JCSDA / spack-stack

Creative Commons Zero v1.0 Universal
24 stars 43 forks source link

Run package tests with every deployment #1184

Open AlexanderRichert-NOAA opened 1 month ago

AlexanderRichert-NOAA commented 1 month ago

I suggest we add unit testing to our standard installation steps on supported platforms. This will help us catch various issues early, including platform config issues, portability problems, compiler issues, and so on. I'd love to have something in place for the 1.8.0 release, even if it's just for a handful of packages (NCEPLIBS would be a good place to start). We don't have run-time (as opposed to install-time) tests implemented for as far as I know any of our packages, so I think it makes sense to focus on install-time tests, though that's certainly up for discussion.

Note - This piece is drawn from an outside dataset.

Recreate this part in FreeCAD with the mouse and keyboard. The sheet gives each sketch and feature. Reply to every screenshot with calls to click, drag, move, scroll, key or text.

I'm thinking of changing our installation procedures to something to the effect of:

# Set up environment as usual
spack concretize 2>&1 | tee log.concretize
# New step that will test packages specified in, say, setup.sh:
spack install --verbose --test root $SPACK_STACK_PACKAGES_TO_TEST 2>&1 | tee log.install_withtesting
# Install the rest of the stack as usual:
spack install --verbose 2>&1 | tee log.install

Here is a list of packages that can easily be tested right off the bat; I'll create a PR with setup.sh and doco updates:

Here are some packages that have testing but need some kind of fixing:

climbfuji commented 1 month ago

Let's talk about this at tomorrow's spack-stack meeting. I agree with you 100% that regular testing on tier-1 platforms is needed. We did have similar ideas and efforts in the past, and there are even open (and closed) issues for that.

edwardhartnett commented 1 month ago

This is essential.

A recent example was the parallel I/O problems that absorbed a lot of debugging time, and ended up being a problem with HDF5-1.14.0. However, running the HDF5 tests showed the problem right away.

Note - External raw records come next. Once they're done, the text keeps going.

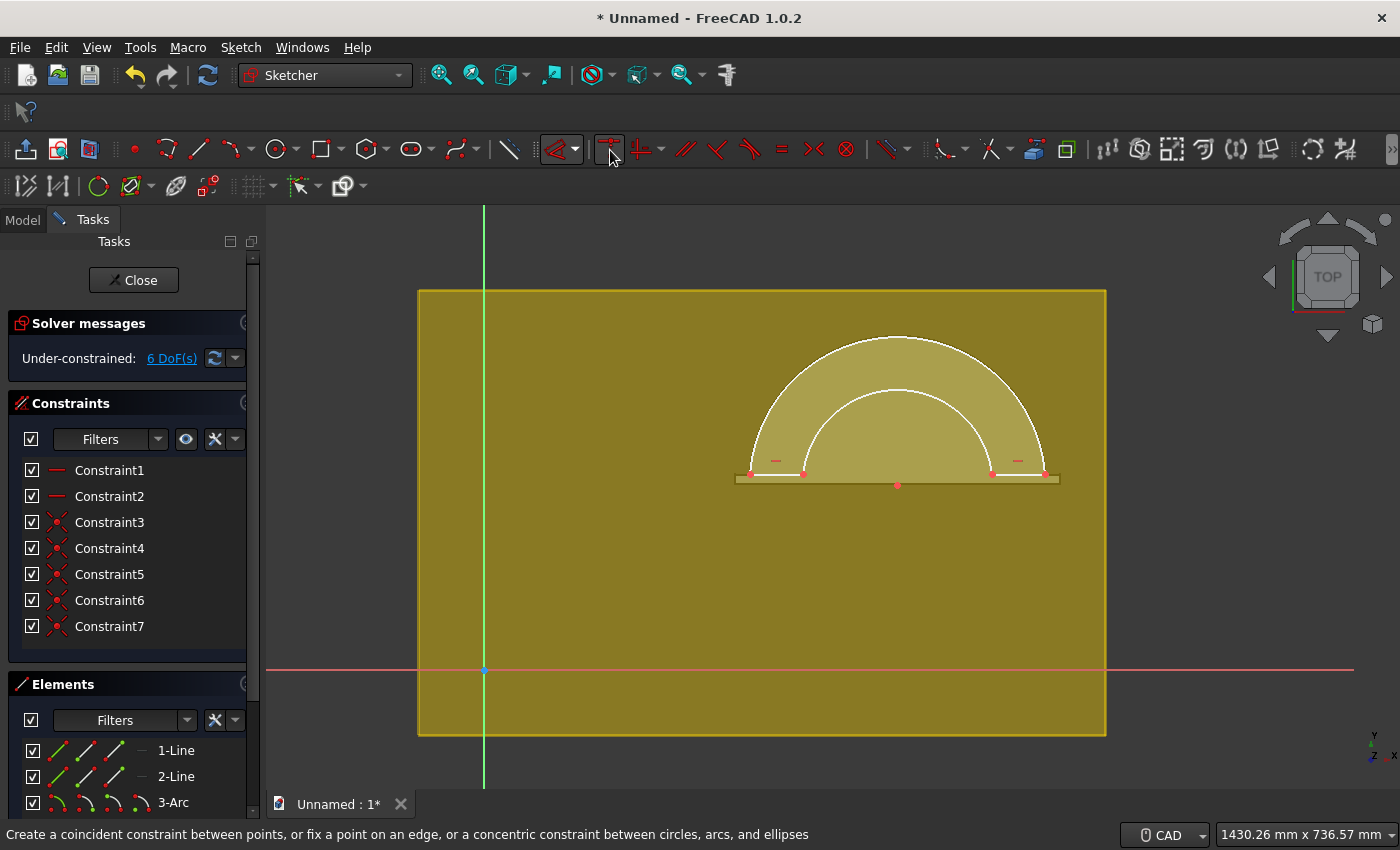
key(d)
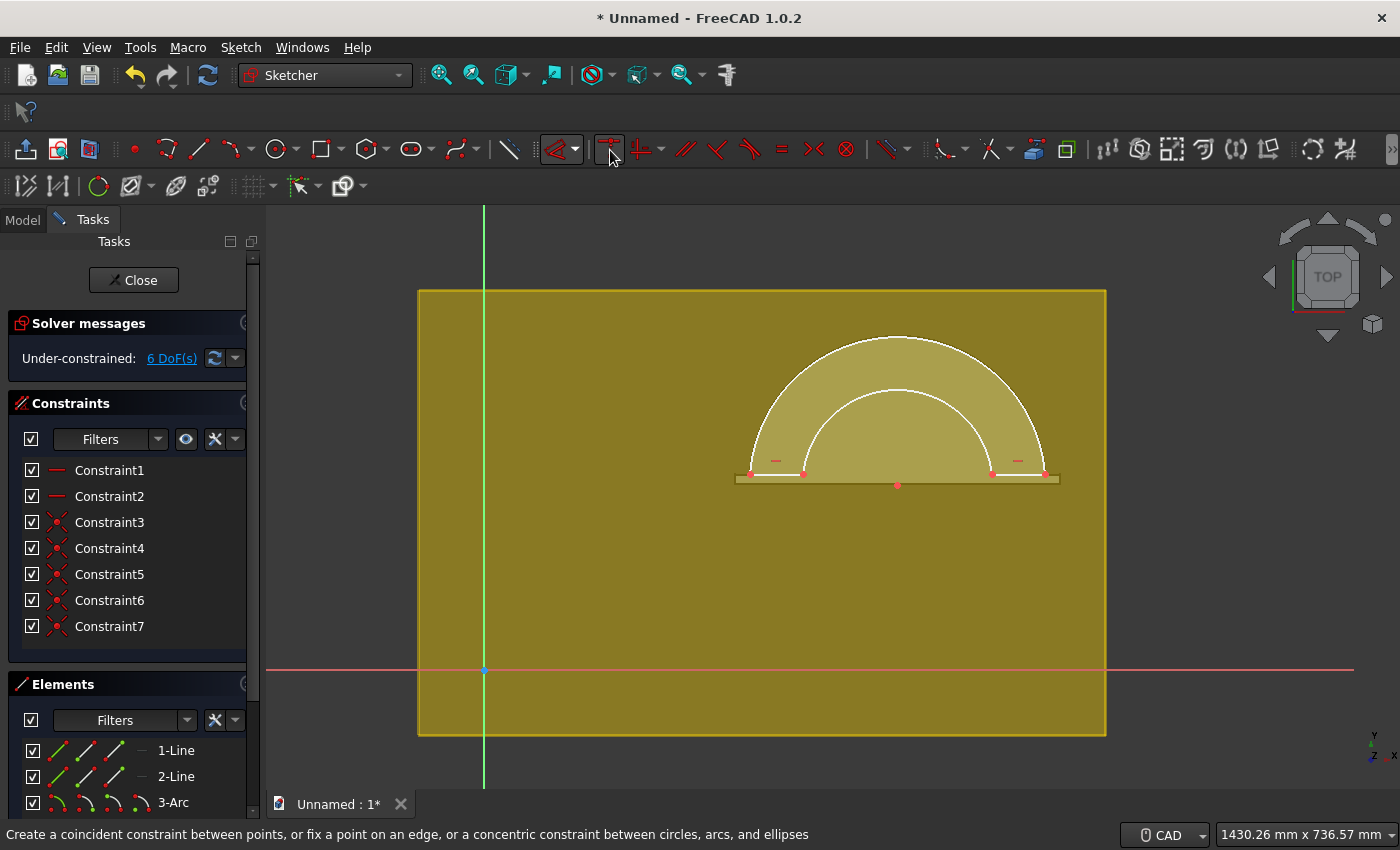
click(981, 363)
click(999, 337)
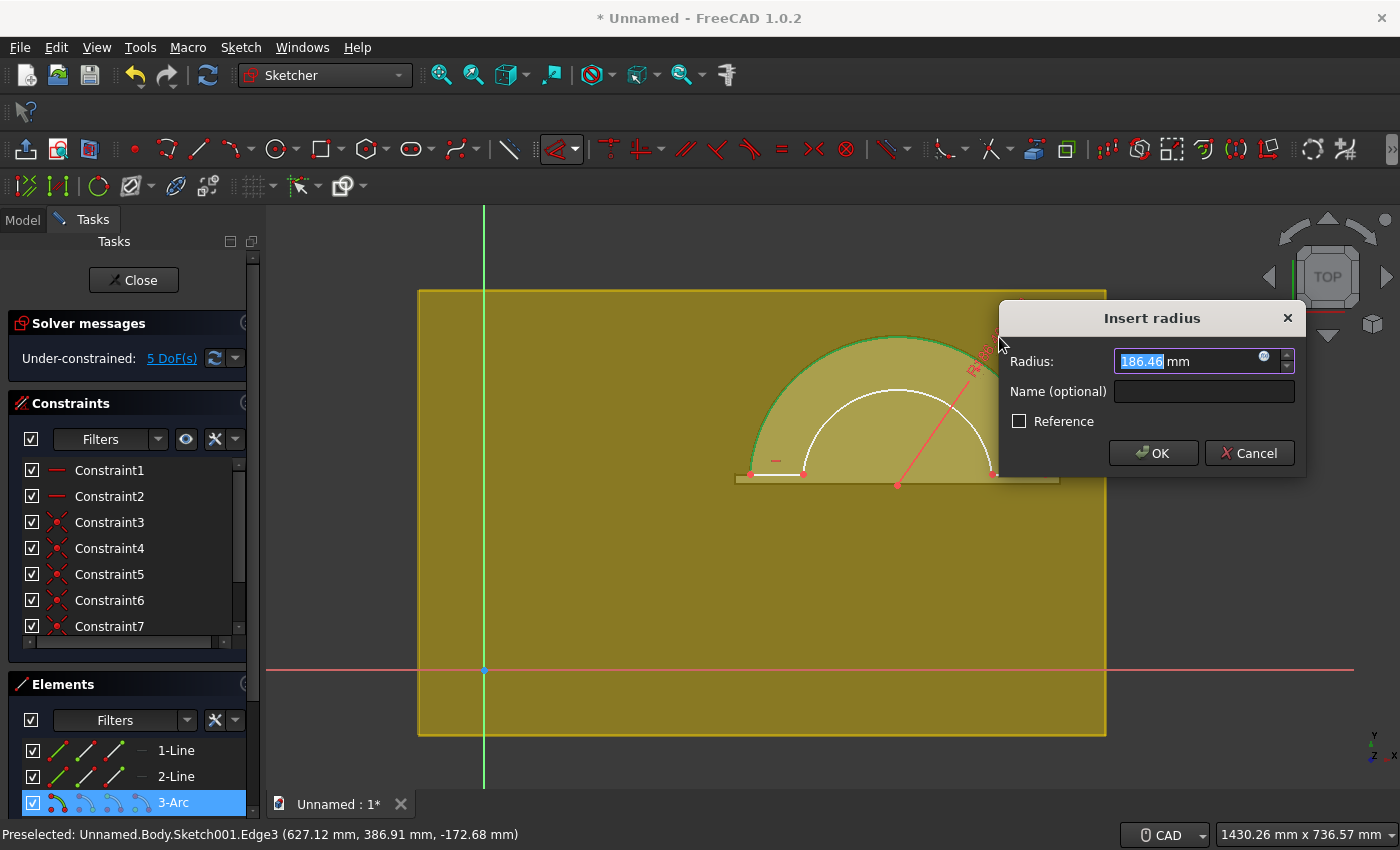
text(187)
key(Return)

If the tests had been run at install, an expensive debugging effort would have been saved. Countless hours were spent checking various components before this was resolved.

The entire IO stack needs to be tested on every single install.

NetCDF and HDF5 need to have their parallel tests run as well. I can work with some slurm expert to get these tests to run out of the box on future releases of netcdf-c, and potentially HDF5.

Running the tests is the best way to find WCOSS2 portability issues. If the tests pass on my machine, but fail on WCOSS2, that is a problem that needs to be solved, before anything else happens. If the netCDF tests fail, just stop the bus and get off. You're not going anywhere until that's fixed.

So let's put the process in place to discover that problem as soon as we can.